Another issue regarding the feasibility of the reconstruction algorithm is whether the run time is acceptable. The run time depends on the computational environment. MATLAB R2014b on a computer with the Intel(R) Core(TM) i5-4590 CPU @3.30 GHz, RAM 8.00 GB, 64-bit OS was used here. The implementation of the TV + DTV algorithm took 179 s for the FORBILD head phantom (total number of iterations was 1000) and 285 s for the real aspirin projection data (the total iterative number was 90). The run time was acceptable, but could be further improved by many methods, such as parallel computing and CUDA acceleration.

For our proposed algorithm, the selection of the weights of the TV- and DTV-constraints was also an important issue in the reconstruction. If they are too small, the algorithm based on the TV- and DTV-constraints would not be able to reduce the artifacts and noise of the reconstructed image. If they are too large, the TV- and DTV-constraints would over-smooth the CT images. Thus, the weight parameter selection for the TV- and DTV-constraints depends on the levels of artifacts and noise. In this paper, the used parameters are shown in Table 2 according to the experimental analysis.

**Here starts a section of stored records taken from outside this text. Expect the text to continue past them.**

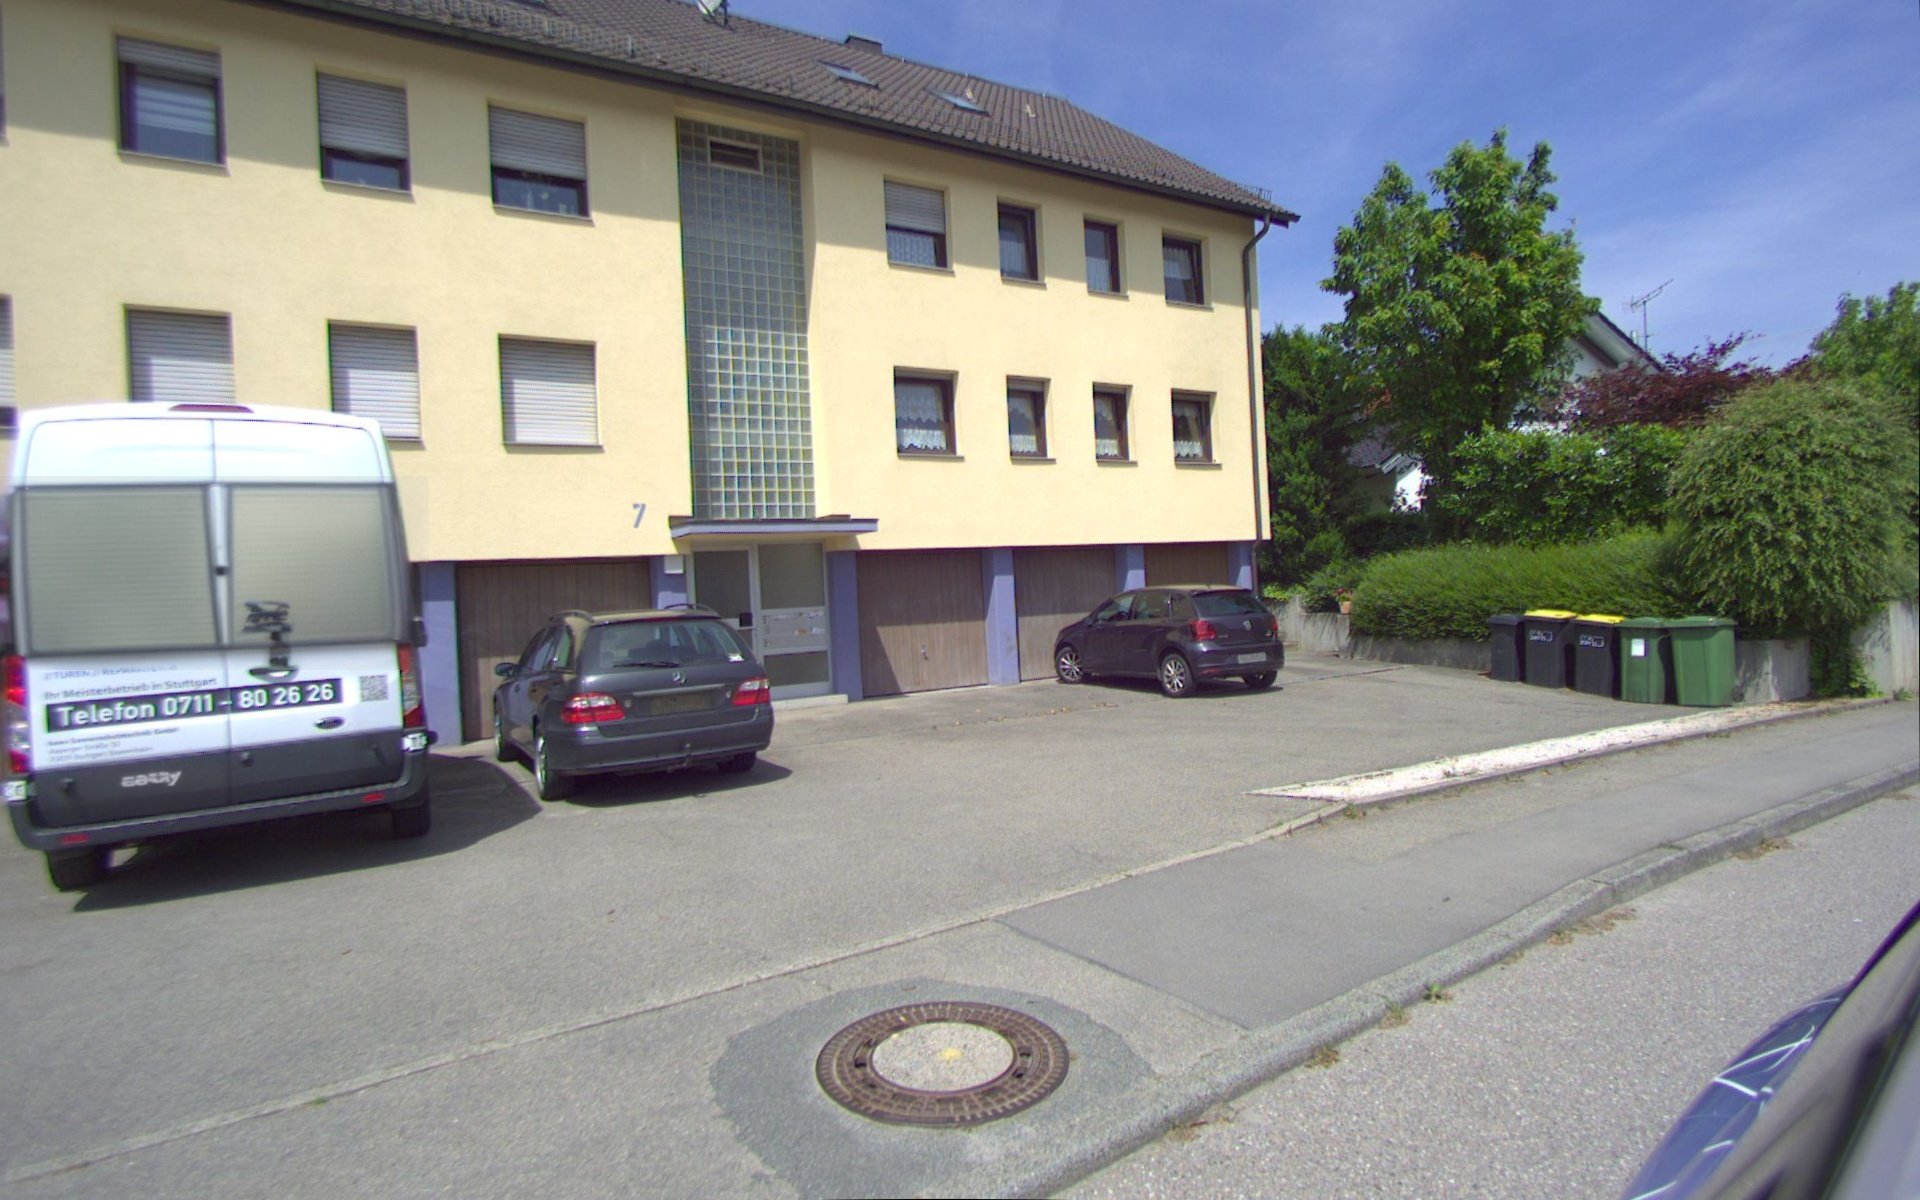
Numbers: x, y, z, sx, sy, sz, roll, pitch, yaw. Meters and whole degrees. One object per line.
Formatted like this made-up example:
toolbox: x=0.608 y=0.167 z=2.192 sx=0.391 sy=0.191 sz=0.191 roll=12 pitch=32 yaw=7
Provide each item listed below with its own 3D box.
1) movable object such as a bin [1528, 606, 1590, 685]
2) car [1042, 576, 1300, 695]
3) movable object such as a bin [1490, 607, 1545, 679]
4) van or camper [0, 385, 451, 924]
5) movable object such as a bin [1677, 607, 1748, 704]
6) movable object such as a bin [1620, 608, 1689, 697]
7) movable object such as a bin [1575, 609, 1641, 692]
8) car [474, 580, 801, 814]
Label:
movable object such as a bin: x=8.175 y=0.609 z=13.817 sx=0.553 sy=1.034 sz=0.487 roll=0 pitch=2 yaw=-26
car: x=2.870 y=0.455 z=14.535 sx=1.611 sy=1.436 sz=3.697 roll=-2 pitch=0 yaw=-28
movable object such as a bin: x=7.871 y=0.600 z=14.294 sx=0.505 sy=0.967 sz=0.451 roll=0 pitch=3 yaw=-29
van or camper: x=-5.402 y=0.327 z=7.731 sx=2.240 sy=2.680 sz=5.246 roll=-3 pitch=-1 yaw=-31
movable object such as a bin: x=9.041 y=0.649 z=12.157 sx=0.553 sy=1.121 sz=0.486 roll=0 pitch=-1 yaw=-30
movable object such as a bin: x=8.713 y=0.646 z=12.704 sx=0.553 sy=1.084 sz=0.486 roll=0 pitch=-1 yaw=-26
movable object such as a bin: x=8.477 y=0.644 z=13.246 sx=0.553 sy=1.034 sz=0.487 roll=0 pitch=2 yaw=-26
car: x=-3.321 y=0.706 z=9.654 sx=1.872 sy=1.582 sz=4.717 roll=-3 pitch=1 yaw=-31

In conclusion, we proposed a hybrid reconstruction approach by combining the TV- and DTV-constraints, by operating the DTV-constraint to sparsely represent the images when the iterative convergence of the reconstructed algorithm with the TV-constraint did not vary during the reconstruction process. The numerical and experimental studies demonstrated that the proposed hybrid method can be used to reconstruct high-quality images from sparse-view data, and the RMSE and SSIM were improved when the TV-constraint was converted to the DTV-constraint after a set number of iterations. Further research will be performed to explore the directional TV optimization problem in the CT reconstruction.